Show that the radial interval topology without its origin is first countable but not second countable

Before we start, let me recall that the radial interval topology on $X=\mathbb{R}^2-\{(0,0)\}$ is the topology generated by intervals passing through the origin. For instance, the set $\{(t, t) \mid 1<t<2\}$ is an open set in this topology.

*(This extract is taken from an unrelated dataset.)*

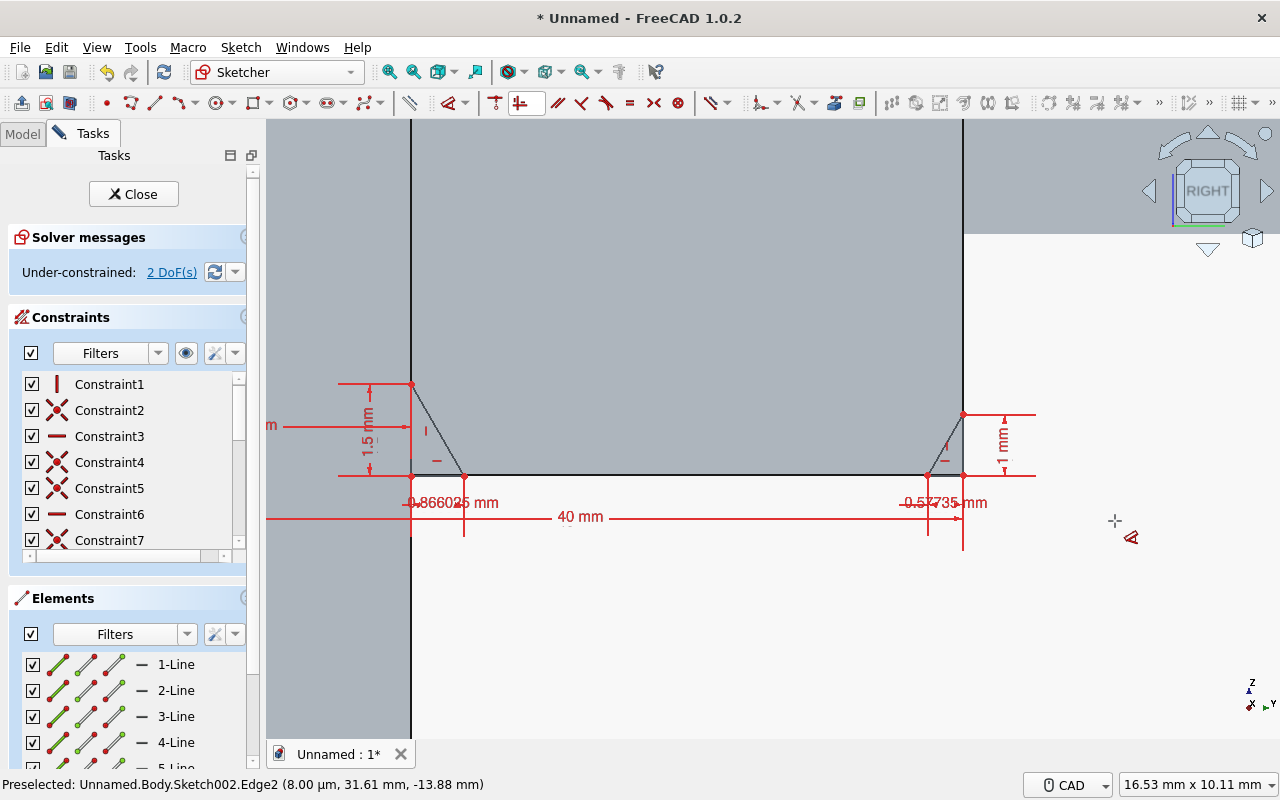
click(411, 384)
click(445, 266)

As you said, one way to justify the fact that $X$ is first-countable is to see each ray individually. More precisely, given $x \in X$, one can show that the map $$ f\colon (0, \infty) \to X, \qquad t \mapsto tx $$ is an open embedding. In fact, we can see that the map is injective, continuous and open (by definition of the topology). Here is really important that we are avoiding zero, as then is not clear that the map is continuous. As $(0, \infty)$ is first-countable, the same holds for its image in $X$; in particular, the first-countable axiom holds for $x \in X$. As $x \in X$ is arbitrary, this proves the result.

Now, to show that $X$ is not second countable, I think there are two possible ways to show it. The first one is to show that the natural map $S^1 \times (0, \infty) \to X, (v, t) \mapsto tv$ is a homemorphism, if $S^1$ carries the discrete topology (instead of the Euclidean one), while $(0, \infty)$ carries the Euclidean topology. I'll leave this one as an exercise; then you will have to show that if a product of non-empty topological spaces is second countable, then each one has to be second countable as well.

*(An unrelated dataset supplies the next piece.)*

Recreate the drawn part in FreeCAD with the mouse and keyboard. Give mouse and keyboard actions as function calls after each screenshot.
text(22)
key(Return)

The second proof I have in mind is to show directly that there is no countable base. Assume by contradiction that such base exists, say $\{U_i\}$. The idea is to produce an open set $U$ that does not contain any of the $U_i$. For this, assume first that each $U_i$ has infintely many "rays". We will use a "diagonal argument", as follows:

• For $U_1$, choose some $\theta_1$ such that $U_1$ contains a ray in the $\theta_1$ angle. Fix an open interval $I_1$ small enough, such that $I_1$ is smaller than the component on the $\theta_1$ direction. (For instance, if $\theta=45^\circ$ and the component of $U_1$ is $\{(t, t) \mid 1<t<2, 3<t<4\}$, we take $\{(t, t) \mid 1<t<1.5\}$.)
• For $U_2$, choose some $\theta_2\neq \theta_1$ such that $U_1$ contains a ray in the $\theta_2$ angle. As before, fix some interval $I_2$ small enough.
• In general, we choose some $\theta_i \neq \theta_1, \dots, \theta_{i-1}$, and an interval $I_i$ in that direction small enough to not contain the corresponding component of $U_i$. (This uses that each $U_i$ has infinitely many rays!)

This way, let $U=\bigcup_i I_i$. Note that $U$ does not contain $U_i$, as in the $\theta_i$ direction, the set $U$ is smaller. This shows that $X$ does not have a countable basis.

Try to (slightly) modify the argument to include basis where some elements have finitely many rays!

Take the set of all open rays starting at the origin. It's an uncountable set of disjoint open subsets of your space. So, it's an open cover whose only subcover is itself. In particular, your space is not Lindelöf, and therefore it is not second countable.

But it is first countable. Given $p\in\Bbb R^2\setminus\{(0,0)\}$, consider all line segments of the form$$B_{1/n}(p)\cap\{\lambda p\mid\lambda>0\}\quad\text{with }n\in\Bbb N\text{ such that }\frac1n<\|p\|.$$It is a countable fundamental system of neighborhoods of $p$.